We’ve got pairs of independent booksellers, thrift stores (we know them well), and bakeries (ditto). Three pharmacies, three yoga studios, and three video stores offer us medication, meditation, and mesmerization, respectively. Five grocers and six dry cleaners compete for our appetites and our wrinkles. Nine barbers eye our locks. Dozens of specialty shops hawk their curiosities in the range of our Burley: one sells only flags, another only gifts from Norway, a third only old magazines.

True coffee houses number six, only one of them a Starbucks (which, because it’s so low, may be the most surprising number in this tally). Restaurants? We’re provisioned with 54! (And there are 151 within two miles: we’ll walk farther for great eating.)

Two neighborhood ice creameries are counteracted by an astonishing 42 dentists (none of them covered by our insurance, sadly). Two local smoke shops are outnumbered by an even more astounding 74 doctors (again, not covered by our insurance). And then there’s our one neighborhood orthodontist: he has straightened or is straightening all three of our kids’ teeth, for which we’ve paid him enough to buy three used Volvos or most of a new Prius.

I should perhaps note that, despite these large counts, we do not live downtown.

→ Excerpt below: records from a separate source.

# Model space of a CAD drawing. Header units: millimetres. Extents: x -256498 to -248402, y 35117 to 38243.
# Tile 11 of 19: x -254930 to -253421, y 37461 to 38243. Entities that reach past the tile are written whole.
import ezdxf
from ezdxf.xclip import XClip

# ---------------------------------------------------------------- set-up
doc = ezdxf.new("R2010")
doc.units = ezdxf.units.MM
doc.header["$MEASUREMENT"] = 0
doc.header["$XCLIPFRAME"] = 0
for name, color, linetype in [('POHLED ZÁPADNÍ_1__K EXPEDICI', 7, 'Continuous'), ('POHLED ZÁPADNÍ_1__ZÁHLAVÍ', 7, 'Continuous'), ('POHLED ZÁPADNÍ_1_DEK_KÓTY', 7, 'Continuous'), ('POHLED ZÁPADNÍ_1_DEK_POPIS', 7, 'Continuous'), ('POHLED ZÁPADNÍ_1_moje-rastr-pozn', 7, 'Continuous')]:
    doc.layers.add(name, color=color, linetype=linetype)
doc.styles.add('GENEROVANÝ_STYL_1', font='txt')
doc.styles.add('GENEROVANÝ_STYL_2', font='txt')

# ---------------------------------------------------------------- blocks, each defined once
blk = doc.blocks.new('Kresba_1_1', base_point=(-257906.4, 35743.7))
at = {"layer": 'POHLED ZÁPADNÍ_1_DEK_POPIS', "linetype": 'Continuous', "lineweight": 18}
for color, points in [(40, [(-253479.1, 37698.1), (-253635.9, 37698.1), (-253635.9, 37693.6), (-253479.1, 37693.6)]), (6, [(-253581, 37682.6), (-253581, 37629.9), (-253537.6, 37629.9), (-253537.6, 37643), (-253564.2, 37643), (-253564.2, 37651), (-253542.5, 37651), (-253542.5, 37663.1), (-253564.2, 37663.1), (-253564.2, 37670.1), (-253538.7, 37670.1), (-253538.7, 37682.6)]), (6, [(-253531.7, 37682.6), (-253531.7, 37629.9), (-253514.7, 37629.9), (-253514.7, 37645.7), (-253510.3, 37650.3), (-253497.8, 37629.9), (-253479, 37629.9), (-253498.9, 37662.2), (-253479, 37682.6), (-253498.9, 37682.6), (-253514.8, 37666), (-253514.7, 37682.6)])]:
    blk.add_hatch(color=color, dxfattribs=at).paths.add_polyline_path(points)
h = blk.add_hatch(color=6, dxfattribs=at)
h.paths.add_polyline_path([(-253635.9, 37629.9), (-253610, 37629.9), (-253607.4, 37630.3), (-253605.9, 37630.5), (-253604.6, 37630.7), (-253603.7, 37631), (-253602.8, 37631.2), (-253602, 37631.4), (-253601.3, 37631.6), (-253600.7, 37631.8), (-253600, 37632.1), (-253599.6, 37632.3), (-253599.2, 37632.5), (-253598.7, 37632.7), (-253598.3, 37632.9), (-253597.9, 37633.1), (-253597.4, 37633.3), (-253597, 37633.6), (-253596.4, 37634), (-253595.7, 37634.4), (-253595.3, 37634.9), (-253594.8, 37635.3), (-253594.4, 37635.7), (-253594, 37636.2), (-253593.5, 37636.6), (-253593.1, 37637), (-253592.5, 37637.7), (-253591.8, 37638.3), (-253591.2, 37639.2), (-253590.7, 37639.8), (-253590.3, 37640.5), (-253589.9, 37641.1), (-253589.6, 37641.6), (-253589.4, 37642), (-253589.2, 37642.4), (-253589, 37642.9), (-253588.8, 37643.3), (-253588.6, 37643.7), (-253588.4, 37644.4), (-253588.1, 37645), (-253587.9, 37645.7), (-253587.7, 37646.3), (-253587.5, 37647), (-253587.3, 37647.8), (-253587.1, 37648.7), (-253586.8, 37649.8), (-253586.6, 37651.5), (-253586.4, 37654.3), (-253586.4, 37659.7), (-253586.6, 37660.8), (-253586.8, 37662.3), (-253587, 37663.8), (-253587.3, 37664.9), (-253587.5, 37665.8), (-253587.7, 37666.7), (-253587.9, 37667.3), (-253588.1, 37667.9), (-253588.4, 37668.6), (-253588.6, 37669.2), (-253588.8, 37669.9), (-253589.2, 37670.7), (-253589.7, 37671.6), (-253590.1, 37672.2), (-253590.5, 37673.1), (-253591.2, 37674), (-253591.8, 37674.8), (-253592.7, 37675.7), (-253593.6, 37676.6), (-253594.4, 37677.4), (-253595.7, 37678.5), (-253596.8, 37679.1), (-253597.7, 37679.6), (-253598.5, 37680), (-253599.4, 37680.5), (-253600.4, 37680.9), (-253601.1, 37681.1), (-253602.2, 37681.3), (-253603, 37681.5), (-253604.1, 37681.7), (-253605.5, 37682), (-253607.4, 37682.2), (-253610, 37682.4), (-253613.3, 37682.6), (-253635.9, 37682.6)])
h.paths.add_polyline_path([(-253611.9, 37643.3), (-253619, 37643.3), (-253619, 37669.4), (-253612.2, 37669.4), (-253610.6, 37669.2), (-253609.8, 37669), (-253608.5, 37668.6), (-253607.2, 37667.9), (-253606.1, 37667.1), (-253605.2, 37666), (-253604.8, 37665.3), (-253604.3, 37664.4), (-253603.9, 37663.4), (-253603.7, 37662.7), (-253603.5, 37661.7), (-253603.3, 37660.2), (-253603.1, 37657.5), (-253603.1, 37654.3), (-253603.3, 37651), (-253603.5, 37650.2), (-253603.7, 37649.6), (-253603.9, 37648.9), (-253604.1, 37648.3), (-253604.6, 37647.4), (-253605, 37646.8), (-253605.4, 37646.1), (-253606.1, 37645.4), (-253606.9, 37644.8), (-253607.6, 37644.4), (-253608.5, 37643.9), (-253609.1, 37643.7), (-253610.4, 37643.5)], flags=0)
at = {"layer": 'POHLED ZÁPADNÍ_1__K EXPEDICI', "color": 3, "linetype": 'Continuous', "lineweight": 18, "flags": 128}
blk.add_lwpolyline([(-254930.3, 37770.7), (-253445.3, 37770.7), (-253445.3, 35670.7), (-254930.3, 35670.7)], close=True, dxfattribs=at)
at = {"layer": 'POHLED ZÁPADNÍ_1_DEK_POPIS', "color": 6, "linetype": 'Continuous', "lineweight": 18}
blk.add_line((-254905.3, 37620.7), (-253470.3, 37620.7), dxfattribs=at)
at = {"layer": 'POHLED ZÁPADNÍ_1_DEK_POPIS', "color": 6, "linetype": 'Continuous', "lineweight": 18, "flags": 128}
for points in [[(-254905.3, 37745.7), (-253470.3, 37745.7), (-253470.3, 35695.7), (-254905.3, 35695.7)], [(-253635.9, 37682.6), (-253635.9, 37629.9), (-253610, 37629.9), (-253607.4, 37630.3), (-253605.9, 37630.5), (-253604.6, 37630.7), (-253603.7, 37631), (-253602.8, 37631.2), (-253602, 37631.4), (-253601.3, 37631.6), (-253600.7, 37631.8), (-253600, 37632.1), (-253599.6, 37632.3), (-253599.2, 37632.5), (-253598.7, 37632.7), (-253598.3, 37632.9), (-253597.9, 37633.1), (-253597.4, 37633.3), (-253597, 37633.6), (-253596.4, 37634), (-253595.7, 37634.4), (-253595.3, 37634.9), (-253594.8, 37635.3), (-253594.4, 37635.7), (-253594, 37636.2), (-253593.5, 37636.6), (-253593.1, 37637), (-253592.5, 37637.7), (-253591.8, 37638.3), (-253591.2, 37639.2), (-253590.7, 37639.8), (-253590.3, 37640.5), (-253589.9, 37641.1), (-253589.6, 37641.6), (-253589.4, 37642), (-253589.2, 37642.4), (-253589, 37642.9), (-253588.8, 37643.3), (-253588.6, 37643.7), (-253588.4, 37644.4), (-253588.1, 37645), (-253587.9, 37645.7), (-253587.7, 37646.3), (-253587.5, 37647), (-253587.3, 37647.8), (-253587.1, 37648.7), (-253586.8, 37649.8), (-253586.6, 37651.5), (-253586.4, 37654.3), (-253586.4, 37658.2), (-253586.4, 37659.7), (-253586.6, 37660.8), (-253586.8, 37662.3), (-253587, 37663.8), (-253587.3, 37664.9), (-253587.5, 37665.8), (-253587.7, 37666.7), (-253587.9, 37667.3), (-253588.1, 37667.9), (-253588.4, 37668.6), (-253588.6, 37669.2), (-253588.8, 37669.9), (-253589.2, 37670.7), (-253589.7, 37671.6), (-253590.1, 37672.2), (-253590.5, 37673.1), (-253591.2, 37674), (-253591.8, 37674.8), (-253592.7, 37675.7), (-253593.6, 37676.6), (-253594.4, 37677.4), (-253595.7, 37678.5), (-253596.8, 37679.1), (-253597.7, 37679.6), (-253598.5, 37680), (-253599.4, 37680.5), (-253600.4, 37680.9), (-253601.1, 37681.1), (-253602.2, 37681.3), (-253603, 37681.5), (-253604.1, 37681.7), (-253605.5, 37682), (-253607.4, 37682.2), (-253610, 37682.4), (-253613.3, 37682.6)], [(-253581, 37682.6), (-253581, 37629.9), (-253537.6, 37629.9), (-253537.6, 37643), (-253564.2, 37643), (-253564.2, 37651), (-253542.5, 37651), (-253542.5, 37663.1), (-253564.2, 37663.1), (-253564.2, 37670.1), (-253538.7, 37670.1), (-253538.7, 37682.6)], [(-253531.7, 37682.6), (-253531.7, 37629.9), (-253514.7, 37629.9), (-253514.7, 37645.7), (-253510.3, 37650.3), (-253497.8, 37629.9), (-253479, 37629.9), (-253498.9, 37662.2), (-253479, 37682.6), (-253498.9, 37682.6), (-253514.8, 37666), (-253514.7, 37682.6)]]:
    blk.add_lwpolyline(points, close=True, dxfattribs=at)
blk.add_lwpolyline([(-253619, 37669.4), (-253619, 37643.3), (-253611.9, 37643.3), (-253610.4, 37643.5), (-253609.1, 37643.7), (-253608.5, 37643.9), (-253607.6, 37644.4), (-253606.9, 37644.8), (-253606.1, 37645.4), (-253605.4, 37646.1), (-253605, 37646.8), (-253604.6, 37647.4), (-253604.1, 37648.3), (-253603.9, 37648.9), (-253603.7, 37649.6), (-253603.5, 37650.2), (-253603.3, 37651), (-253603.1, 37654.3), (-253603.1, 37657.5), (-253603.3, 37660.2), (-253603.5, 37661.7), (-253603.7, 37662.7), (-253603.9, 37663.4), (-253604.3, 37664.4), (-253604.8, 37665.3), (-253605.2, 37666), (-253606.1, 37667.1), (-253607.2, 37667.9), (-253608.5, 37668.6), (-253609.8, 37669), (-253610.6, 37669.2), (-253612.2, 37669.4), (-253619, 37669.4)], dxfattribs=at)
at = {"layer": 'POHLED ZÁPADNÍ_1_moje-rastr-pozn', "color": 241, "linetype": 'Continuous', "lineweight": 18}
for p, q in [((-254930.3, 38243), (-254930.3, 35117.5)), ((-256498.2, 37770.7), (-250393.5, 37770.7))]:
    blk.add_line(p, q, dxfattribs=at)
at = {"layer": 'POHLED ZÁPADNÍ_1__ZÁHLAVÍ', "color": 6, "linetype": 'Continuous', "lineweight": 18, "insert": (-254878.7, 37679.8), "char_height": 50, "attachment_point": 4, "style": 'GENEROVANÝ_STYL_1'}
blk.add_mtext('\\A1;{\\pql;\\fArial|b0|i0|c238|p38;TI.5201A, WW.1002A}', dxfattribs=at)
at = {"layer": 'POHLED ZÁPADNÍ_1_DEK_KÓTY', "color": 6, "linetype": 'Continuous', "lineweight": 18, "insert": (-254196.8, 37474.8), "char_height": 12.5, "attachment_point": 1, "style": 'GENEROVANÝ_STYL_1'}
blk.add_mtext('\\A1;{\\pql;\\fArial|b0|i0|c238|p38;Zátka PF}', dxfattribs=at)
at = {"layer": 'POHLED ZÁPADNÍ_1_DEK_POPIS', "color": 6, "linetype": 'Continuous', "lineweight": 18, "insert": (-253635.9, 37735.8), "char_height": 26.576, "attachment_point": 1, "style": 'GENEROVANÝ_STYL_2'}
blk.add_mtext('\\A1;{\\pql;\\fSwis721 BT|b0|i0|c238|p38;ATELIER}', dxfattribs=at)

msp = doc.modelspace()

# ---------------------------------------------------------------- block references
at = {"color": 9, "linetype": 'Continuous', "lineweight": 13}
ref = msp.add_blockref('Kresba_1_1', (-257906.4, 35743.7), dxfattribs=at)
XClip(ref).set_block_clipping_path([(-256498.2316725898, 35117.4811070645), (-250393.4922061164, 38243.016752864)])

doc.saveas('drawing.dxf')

Far from it—-in fact, five miles from it. Our neighborhood of Ballard is a typical streetcar community developed largely in the 1920s and replicated in every North American city of similar age.

I should also probably note that our neighborhood is definitely not Mayberry. It’s got 44 auto shops, 10 taverns, and a liquor store. Oh, plus two sex-toy shops and two strip clubs. (Or so the signs say—I’ve never been inside. I swear.)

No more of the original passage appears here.